Why, is the question I suppose.

We are both late forties (he's a bit older than me). We lived together in our twenties for 8 years - he was a dick so I left him. We speak about once a year as our families have links. His parents live in the same town as me.

I'm single, have been for nearly a year. He rang last Saturday night, slightly drunk and said he loves me, has always loved me, should have married me and misses me, wants children with me. He went on for over half an hour but never said he wanted me back or asked me how I felt about him. I dismissed it as a drunken call. He then sent a text the next morning saying that he meant every word and that he loves me and always will.

Is he poking me because he can and I'm there? What is he getting out of this? Is he trying to create longing in me?
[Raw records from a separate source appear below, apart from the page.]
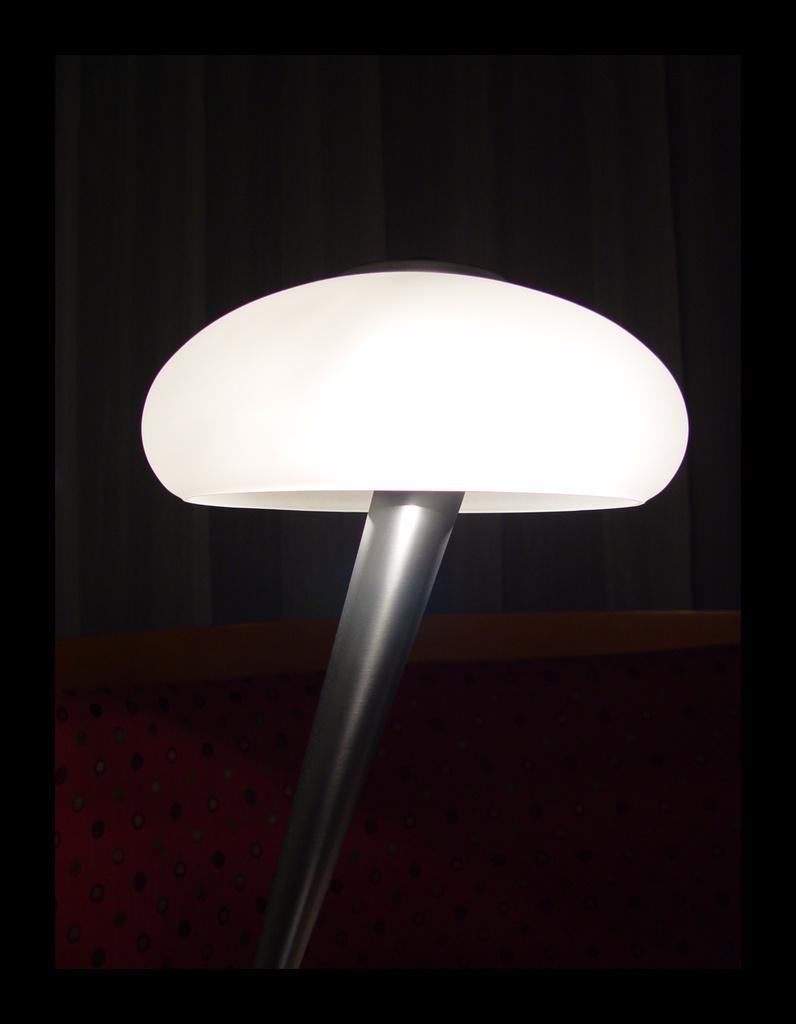What is the main object in the image? There is an object in the image, but its specific nature is not mentioned in the facts. What type of covering is present in the image? There is a curtain in the image. What type of furniture is visible in the image? There is a sofa in the image. What type of liquid is being poured through the channel in the image? There is no mention of a liquid or a channel in the image, so this question cannot be answered definitively. 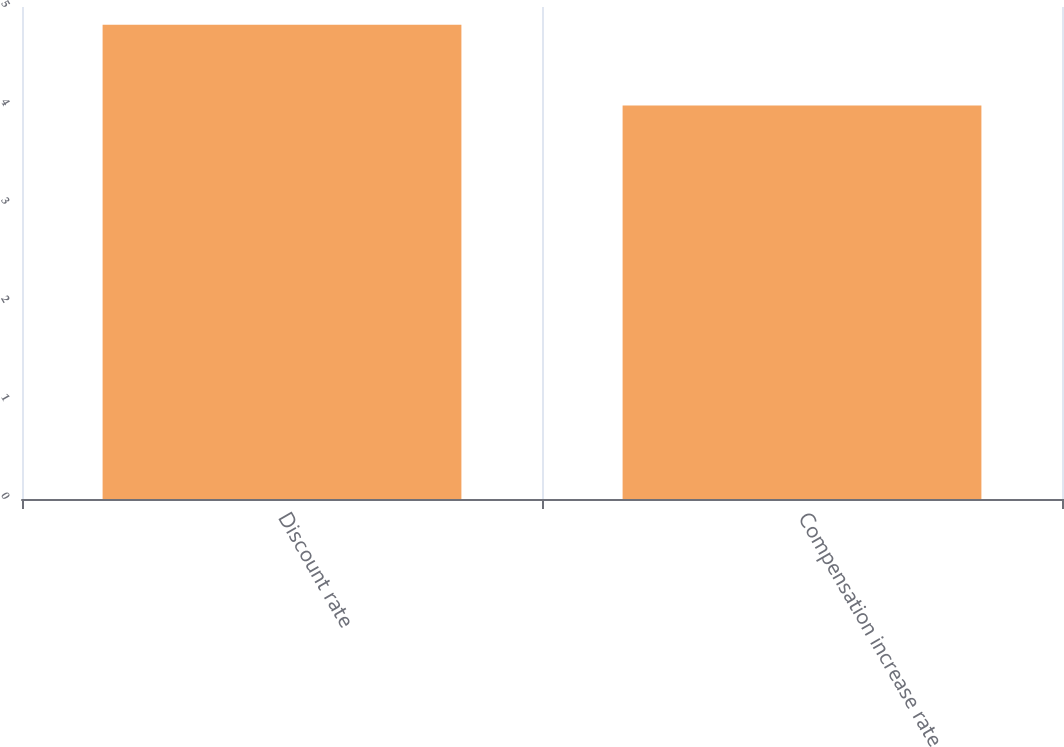<chart> <loc_0><loc_0><loc_500><loc_500><bar_chart><fcel>Discount rate<fcel>Compensation increase rate<nl><fcel>4.82<fcel>4<nl></chart> 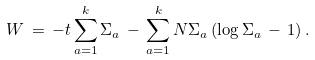<formula> <loc_0><loc_0><loc_500><loc_500>W \, = \, - t \sum _ { a = 1 } ^ { k } \Sigma _ { a } \, - \, \sum _ { a = 1 } ^ { k } N \Sigma _ { a } \left ( \log \Sigma _ { a } \, - \, 1 \right ) .</formula>

<disclaimer - I wouldn't ever do anything as he is with someone else, I am just curious>

Jan45 Wed 05-Nov-14 16:26:35

Because he is a twat and can't hold his drink, sorry but it's all bullshit, maybe he's just looking for a bit on the side to run alongside g/f - he sounds delightful.

Twinklestein Wed 05-Nov-14 16:31:38

Bored, confused, angling for an affair... who knows?

Some exes just like to know they still have power over you.

His life may not be as shiny happy as it looks in pics.

It's handy confirmation that you made the right choice in your 20s, he is indeed a dick.

AnyFawker Wed 05-Nov-14 16:33:41

he was a dick so I left him

So, he's stil a dick. Who knew ?

Ladyfoxglove Wed 05-Nov-14 16:38:51

He was (and is) a dick and a twat it's true, I just wondered if there was anything else behind it. I tend to be naive when it comes to manipulative behaviour so I'm curious if there is a psychological reason behind it that I can't see. Surely after all these years he would have asked if he wanted a fling or affair but he never does.

I mentioned it to a couple of friends and they just rolled their eyes so I'm none the wiser.

AnyFawker Wed 05-Nov-14 16:41:09

If you yourself are not a dick, it is unlikely you will gain any understanding. Just tell him to piss off and don't give it any headspace. That's what he wants...headspace. Don't bestow any special meanings on this sort of white noise.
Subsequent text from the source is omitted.